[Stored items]
▽
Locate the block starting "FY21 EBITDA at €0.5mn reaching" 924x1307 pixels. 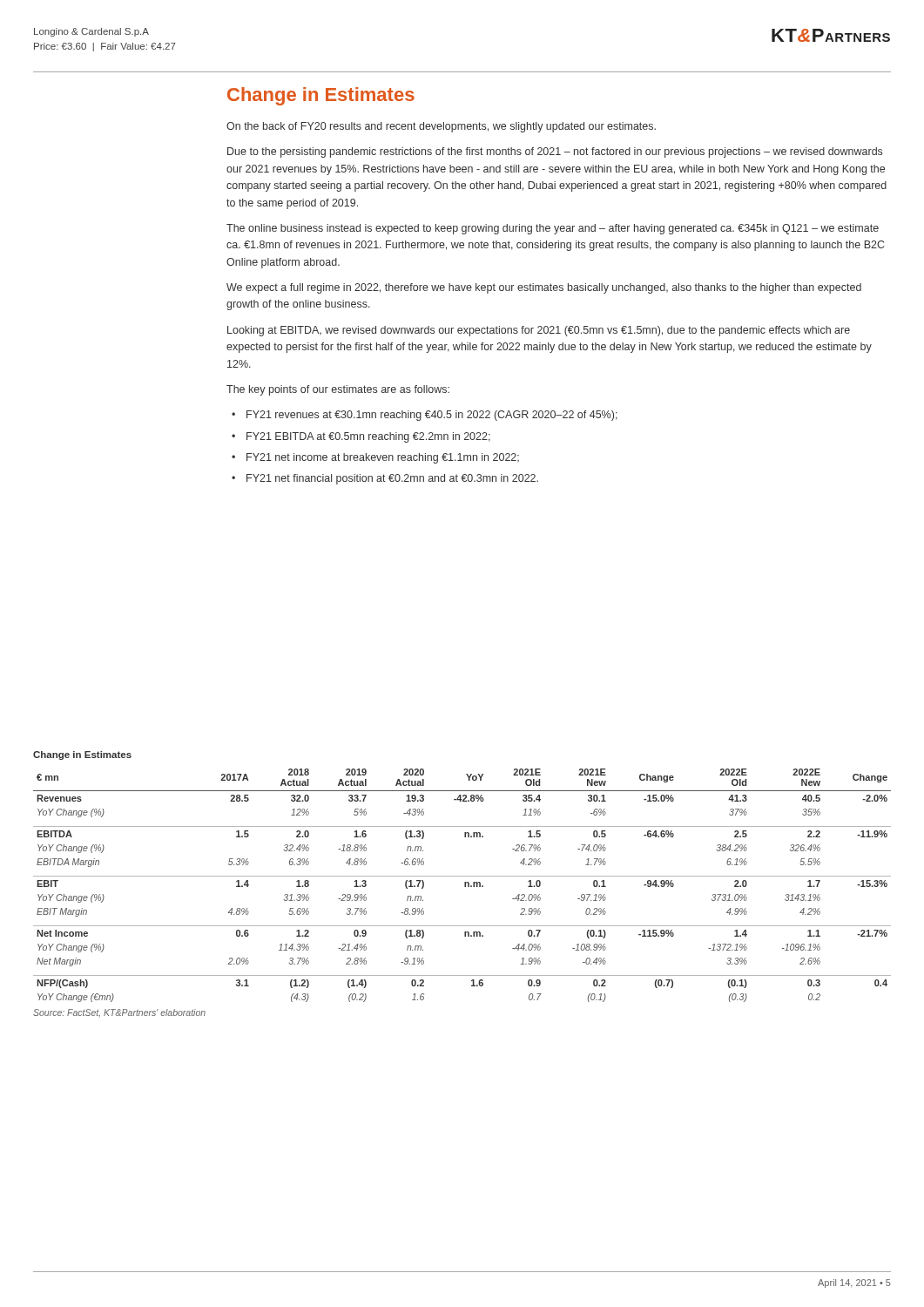click(368, 436)
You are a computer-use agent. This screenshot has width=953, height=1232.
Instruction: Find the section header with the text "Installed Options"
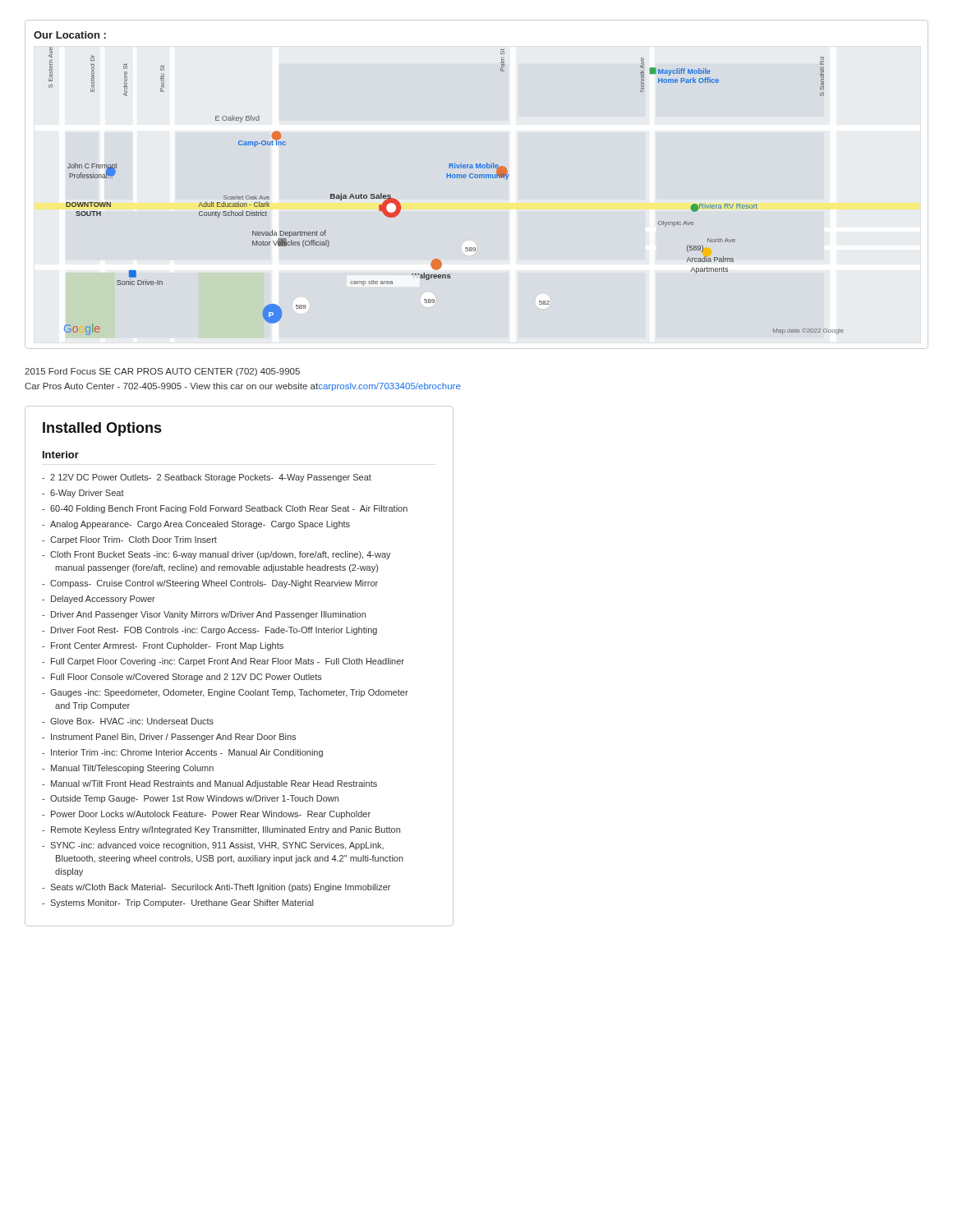click(x=102, y=428)
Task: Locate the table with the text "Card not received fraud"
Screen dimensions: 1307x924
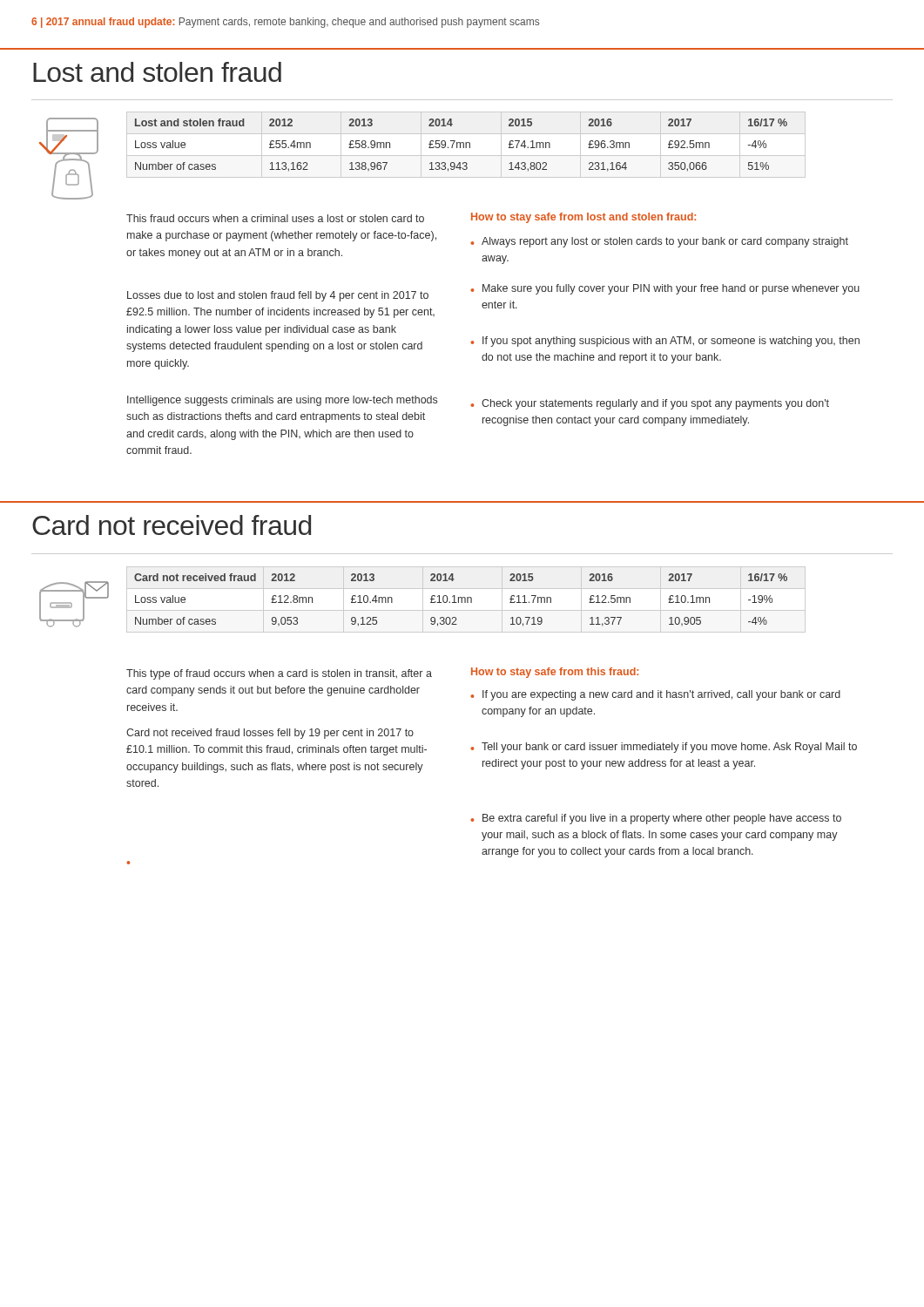Action: pyautogui.click(x=466, y=599)
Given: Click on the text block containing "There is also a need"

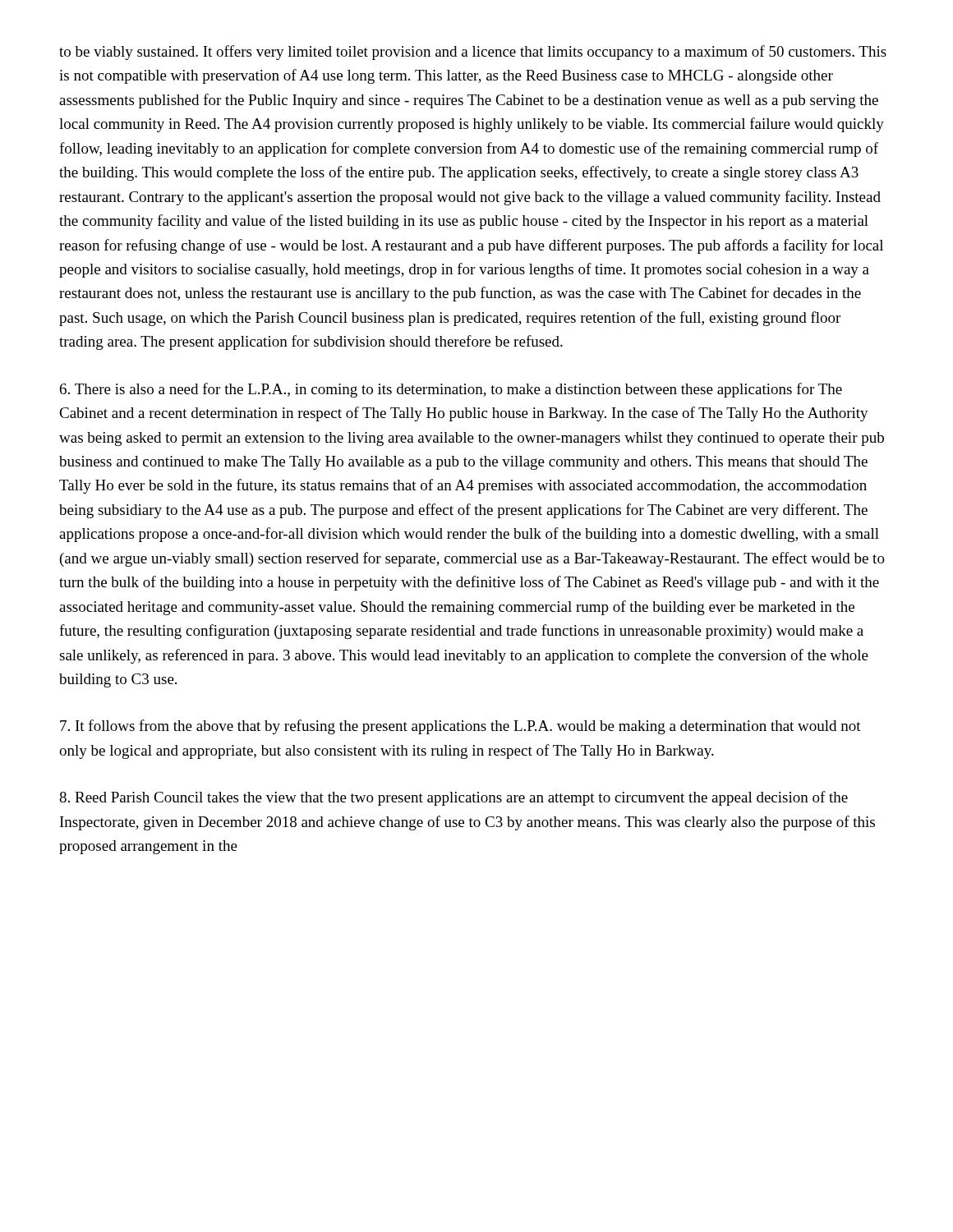Looking at the screenshot, I should 472,534.
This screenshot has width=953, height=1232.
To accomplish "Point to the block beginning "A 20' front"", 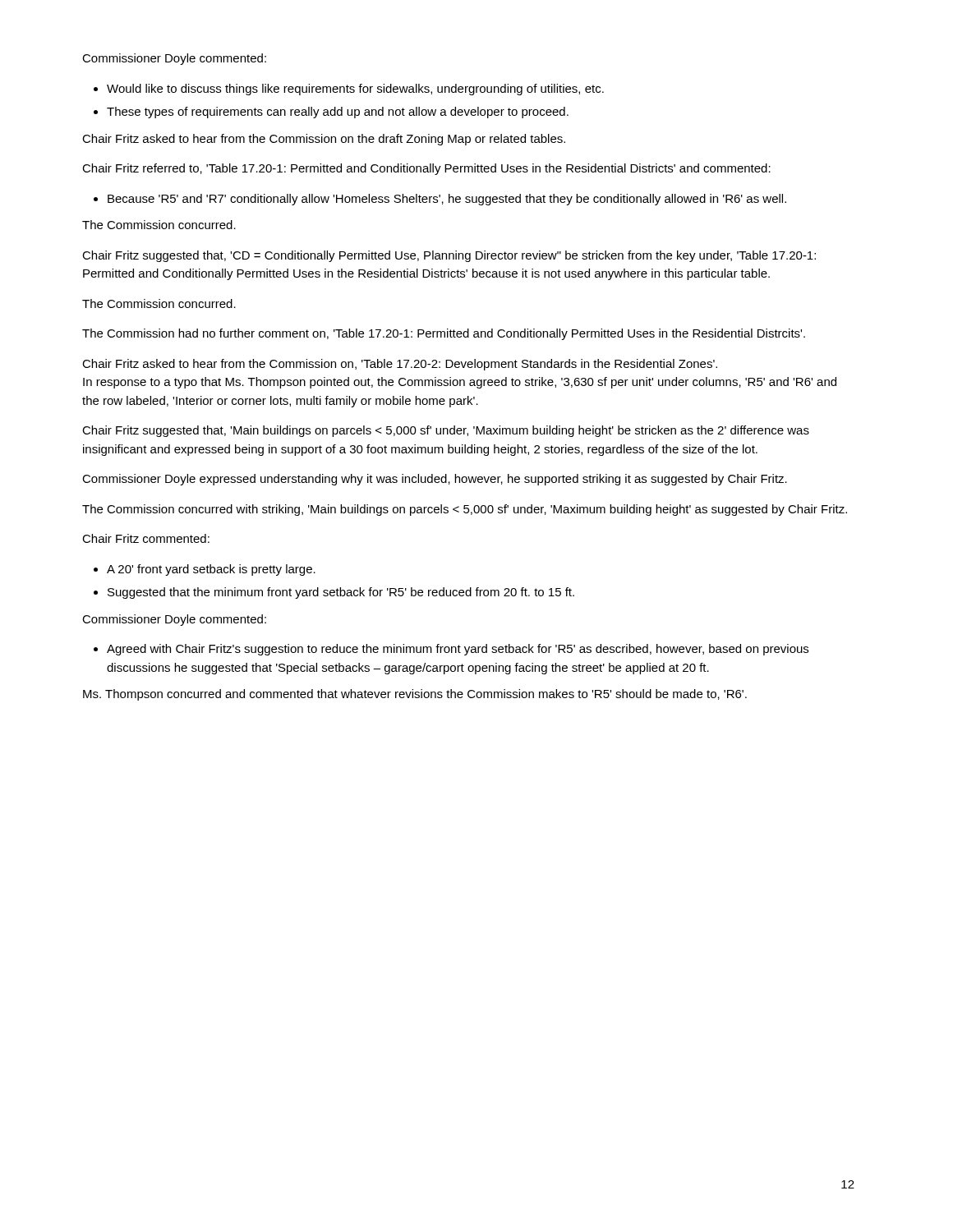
△
### Exercise:
If the word "This" is on a line above, return that line.

### Expected output:
You are a computer-use agent. This screenshot has width=953, height=1232.
This screenshot has width=953, height=1232.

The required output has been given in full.